Толстяк был стригалем, как он сам только что сказал, и об этом свидетельствовали два стоящих рядом ушата с мыльной водой и коробка, лежащая на берегу, в которой поблескивали две машинки для стрижки.
– Я только на вид сердитый, – заявил он, – а на деле люблю этих псов… Обманщики они все, конечно, и воры, а вот поди ж ты, я с ним готов весь день дурака валять.
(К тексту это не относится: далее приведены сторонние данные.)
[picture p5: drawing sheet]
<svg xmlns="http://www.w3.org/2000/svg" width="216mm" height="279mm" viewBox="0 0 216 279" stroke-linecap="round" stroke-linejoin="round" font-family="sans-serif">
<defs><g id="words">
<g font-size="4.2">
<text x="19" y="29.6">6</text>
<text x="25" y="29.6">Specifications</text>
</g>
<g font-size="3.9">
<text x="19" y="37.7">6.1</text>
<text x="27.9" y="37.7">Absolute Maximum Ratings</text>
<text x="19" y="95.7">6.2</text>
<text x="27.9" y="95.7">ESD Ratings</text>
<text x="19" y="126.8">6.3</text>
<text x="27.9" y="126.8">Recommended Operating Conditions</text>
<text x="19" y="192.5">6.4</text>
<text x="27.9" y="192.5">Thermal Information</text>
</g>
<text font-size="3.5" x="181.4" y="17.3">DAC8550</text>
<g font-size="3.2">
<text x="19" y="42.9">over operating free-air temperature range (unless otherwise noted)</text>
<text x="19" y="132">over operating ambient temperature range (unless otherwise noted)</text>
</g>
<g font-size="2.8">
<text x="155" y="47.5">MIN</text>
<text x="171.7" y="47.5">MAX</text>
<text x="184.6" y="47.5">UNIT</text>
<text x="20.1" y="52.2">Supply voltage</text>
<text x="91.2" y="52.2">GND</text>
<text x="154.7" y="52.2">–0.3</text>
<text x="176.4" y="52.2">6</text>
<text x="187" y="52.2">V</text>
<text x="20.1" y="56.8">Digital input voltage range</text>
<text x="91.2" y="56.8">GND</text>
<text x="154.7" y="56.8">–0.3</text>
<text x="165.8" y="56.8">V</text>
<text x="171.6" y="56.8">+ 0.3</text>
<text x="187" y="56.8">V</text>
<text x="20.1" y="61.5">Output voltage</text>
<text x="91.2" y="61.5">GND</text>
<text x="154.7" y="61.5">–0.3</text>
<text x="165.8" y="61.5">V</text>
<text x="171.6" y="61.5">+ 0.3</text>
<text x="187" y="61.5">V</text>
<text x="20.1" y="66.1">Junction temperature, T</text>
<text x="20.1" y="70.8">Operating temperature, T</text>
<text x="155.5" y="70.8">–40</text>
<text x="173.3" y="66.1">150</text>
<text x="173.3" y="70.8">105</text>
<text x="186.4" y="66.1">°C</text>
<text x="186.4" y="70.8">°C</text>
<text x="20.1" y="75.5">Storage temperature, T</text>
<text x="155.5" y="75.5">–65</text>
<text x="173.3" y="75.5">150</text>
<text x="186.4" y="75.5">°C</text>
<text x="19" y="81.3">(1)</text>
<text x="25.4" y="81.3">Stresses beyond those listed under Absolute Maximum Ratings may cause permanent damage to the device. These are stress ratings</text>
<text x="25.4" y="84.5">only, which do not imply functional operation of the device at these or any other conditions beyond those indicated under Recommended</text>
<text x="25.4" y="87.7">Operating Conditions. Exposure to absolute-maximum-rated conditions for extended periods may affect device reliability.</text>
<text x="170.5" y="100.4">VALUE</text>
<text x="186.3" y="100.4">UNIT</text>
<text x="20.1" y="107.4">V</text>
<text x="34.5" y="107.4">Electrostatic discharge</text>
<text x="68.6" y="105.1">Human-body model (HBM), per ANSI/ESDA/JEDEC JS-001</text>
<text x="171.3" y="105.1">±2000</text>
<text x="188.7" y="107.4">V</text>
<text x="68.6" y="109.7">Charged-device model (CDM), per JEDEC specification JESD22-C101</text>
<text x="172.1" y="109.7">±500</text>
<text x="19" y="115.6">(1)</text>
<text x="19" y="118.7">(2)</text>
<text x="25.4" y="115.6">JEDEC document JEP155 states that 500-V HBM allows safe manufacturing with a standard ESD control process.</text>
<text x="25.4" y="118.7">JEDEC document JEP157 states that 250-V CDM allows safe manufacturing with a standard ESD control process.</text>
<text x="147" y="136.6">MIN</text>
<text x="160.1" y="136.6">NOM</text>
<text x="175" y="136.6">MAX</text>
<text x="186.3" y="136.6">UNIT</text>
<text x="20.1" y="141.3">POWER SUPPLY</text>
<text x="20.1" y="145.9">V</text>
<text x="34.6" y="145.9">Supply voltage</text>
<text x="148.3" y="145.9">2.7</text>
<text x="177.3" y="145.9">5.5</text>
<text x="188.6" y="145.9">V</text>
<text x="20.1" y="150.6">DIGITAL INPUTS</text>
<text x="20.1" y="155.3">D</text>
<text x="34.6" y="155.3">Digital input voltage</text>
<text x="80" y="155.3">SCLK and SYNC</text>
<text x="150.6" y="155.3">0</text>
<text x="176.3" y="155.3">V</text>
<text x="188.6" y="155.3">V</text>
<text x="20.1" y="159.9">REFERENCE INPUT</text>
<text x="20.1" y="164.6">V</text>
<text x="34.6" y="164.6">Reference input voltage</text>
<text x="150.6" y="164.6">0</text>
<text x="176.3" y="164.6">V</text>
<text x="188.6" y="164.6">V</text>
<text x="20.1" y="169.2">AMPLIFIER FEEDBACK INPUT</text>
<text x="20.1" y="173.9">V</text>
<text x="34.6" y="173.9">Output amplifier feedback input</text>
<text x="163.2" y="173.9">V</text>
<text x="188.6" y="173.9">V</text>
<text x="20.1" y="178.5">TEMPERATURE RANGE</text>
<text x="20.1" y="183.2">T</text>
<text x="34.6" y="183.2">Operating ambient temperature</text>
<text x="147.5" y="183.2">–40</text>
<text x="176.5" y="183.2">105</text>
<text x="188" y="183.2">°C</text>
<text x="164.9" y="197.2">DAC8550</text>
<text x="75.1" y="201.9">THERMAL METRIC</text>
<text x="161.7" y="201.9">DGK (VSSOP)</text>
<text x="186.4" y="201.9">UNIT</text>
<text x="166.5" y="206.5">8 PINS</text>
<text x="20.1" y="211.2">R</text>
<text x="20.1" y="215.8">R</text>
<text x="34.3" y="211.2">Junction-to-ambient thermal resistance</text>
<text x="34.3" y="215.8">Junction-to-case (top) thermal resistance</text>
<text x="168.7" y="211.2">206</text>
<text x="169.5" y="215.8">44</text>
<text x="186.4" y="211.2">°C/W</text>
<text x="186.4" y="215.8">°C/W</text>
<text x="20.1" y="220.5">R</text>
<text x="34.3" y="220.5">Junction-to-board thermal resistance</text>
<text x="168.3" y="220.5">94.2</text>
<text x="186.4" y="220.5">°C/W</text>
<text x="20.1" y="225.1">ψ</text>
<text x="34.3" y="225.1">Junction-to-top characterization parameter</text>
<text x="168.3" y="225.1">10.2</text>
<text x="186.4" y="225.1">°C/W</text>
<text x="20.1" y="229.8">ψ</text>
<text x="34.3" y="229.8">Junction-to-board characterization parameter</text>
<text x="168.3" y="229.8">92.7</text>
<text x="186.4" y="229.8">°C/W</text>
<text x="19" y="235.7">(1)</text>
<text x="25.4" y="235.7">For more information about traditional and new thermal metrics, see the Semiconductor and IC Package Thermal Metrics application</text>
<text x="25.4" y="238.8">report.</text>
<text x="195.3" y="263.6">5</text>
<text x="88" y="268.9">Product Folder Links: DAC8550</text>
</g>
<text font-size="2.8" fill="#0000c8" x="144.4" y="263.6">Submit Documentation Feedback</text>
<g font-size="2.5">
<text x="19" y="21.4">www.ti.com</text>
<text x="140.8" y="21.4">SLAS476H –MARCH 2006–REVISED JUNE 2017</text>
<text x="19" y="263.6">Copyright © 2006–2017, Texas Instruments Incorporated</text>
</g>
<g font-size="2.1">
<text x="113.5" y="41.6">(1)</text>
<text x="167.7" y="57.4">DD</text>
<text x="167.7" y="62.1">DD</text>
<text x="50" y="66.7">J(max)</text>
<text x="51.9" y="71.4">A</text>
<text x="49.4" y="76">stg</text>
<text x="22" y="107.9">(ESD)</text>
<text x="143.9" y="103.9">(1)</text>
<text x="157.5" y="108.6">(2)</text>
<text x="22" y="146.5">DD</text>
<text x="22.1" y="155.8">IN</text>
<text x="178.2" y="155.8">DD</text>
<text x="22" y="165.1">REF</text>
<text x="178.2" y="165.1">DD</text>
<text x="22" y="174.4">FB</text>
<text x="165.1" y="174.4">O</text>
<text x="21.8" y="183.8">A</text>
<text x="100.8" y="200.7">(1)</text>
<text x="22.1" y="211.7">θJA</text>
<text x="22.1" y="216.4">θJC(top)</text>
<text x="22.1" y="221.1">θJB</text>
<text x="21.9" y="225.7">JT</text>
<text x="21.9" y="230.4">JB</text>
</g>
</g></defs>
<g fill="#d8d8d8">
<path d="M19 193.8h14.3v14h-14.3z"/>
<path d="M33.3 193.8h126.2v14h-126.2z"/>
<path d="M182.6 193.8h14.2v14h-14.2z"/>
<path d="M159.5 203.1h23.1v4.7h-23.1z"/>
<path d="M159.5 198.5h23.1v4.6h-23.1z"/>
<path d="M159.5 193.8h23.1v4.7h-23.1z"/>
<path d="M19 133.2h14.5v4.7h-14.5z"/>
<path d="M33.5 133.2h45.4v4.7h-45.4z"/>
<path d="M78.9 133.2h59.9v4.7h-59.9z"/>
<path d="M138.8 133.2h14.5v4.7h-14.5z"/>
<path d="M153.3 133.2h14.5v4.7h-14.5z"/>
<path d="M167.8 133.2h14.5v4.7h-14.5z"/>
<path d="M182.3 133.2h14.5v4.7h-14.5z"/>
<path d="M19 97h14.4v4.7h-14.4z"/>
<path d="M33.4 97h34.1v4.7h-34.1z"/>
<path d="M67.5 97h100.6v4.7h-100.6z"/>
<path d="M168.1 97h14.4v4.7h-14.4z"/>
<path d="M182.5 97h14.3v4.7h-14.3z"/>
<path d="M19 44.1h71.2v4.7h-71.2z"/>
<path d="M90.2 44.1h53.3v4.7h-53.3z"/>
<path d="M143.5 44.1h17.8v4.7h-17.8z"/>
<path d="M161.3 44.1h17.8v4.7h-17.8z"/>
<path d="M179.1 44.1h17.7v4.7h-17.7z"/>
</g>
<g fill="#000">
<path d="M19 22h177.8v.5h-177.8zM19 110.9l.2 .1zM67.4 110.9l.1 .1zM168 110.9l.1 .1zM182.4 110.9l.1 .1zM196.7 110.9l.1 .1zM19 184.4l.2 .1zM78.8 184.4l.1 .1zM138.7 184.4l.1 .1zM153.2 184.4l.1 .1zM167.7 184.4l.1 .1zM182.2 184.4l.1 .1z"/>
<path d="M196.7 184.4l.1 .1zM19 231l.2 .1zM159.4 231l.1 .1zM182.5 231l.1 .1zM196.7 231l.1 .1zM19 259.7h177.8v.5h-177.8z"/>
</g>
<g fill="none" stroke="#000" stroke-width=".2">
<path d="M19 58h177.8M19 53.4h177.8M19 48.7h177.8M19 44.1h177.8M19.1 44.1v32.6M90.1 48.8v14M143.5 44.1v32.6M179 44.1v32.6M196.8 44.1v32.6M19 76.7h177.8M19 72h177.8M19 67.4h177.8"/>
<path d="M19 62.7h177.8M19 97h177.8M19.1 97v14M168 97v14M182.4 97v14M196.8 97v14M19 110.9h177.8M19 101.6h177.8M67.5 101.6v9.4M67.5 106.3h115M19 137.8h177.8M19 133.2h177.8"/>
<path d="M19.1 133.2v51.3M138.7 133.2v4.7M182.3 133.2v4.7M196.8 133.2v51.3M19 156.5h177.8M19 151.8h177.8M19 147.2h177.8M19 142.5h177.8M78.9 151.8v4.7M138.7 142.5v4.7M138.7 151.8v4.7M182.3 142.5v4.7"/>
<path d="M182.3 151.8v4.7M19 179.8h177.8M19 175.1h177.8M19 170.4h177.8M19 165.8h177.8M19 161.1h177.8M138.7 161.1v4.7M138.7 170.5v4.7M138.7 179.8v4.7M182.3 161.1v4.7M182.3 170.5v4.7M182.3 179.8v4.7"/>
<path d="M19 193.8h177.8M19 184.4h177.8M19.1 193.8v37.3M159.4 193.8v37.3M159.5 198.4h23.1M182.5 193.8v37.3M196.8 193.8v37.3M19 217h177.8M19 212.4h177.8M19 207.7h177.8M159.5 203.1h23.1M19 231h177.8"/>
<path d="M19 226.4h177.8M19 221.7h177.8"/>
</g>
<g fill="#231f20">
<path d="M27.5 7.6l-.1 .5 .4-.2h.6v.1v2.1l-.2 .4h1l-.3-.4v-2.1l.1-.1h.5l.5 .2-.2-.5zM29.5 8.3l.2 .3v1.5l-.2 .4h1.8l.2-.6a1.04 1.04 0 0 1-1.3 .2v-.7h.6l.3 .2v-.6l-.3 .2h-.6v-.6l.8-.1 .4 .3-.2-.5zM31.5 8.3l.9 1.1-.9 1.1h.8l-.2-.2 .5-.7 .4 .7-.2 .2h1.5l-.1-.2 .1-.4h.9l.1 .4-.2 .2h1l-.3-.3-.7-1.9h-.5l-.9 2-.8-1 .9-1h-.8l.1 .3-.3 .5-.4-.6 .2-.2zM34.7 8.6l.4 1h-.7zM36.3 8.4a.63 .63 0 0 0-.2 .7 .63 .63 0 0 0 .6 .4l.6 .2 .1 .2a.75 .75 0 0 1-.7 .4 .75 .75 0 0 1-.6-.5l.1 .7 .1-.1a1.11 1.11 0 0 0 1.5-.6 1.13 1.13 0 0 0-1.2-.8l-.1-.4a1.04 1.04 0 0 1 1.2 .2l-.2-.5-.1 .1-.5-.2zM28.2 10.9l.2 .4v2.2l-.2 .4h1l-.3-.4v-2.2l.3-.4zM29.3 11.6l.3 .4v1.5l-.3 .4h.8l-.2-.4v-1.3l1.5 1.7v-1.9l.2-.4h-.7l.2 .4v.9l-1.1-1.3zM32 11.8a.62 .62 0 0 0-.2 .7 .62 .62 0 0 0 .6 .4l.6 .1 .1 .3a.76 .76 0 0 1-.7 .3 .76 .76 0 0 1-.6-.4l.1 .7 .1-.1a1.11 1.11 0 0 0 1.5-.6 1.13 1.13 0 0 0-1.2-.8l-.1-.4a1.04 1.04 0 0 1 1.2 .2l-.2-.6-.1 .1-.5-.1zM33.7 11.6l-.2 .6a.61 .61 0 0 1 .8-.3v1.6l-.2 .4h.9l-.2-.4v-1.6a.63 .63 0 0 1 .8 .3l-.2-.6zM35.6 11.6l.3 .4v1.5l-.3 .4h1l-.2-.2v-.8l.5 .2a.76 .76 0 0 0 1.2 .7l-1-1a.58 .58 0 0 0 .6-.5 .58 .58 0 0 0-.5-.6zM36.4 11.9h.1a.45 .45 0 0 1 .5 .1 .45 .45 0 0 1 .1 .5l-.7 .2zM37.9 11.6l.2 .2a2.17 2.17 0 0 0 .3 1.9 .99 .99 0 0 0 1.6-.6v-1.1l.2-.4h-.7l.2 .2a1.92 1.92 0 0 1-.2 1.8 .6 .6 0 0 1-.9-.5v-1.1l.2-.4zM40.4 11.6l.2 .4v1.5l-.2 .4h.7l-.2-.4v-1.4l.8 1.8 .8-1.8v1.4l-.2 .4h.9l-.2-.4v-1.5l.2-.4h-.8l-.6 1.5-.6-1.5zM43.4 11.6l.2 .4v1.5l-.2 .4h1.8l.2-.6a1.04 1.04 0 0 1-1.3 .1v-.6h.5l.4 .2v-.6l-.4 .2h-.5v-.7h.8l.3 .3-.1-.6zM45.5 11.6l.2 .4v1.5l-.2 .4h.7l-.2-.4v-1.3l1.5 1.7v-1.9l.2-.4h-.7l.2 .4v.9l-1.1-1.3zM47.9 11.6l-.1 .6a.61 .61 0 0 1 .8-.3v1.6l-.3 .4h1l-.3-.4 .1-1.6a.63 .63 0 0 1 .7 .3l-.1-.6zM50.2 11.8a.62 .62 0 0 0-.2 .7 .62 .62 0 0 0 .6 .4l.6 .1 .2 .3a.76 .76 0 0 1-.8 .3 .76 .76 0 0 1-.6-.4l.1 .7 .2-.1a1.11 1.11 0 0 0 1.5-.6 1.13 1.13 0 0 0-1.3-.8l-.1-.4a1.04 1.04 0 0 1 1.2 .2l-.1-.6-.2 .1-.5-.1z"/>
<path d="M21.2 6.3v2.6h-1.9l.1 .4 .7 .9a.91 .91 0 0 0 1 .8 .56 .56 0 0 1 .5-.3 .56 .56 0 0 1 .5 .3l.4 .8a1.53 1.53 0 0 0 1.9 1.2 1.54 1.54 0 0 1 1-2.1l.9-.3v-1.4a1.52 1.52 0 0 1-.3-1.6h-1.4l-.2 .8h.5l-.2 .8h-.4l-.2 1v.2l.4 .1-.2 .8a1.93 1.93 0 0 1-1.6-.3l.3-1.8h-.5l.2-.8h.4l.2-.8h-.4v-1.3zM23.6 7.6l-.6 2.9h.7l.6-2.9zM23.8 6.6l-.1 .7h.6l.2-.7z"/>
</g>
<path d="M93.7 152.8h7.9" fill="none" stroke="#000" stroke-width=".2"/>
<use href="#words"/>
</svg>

Ну, сюда, Азор!
Молодой собеседник стригаля не мог сдержать улыбку, услыхав такое высказывание.
– Но все-таки, – вставил он свое слово, – если все собаки, которых обслуживаете, доставляют вам столько хлопот, не много же у вас за день наберется клиентов!
– Ну, все-таки набегает три с половиной франка, а то и четыре, да, в среднем у меня будет до четырех франков. Иди же сюда, Азор, пес с тобой! А вы, молодой человек, без обиды будь сказано, что у вас за работа такая, что в десять часов утра стоите, ручки в брючки, и вроде бы помогаете мне бездельничать?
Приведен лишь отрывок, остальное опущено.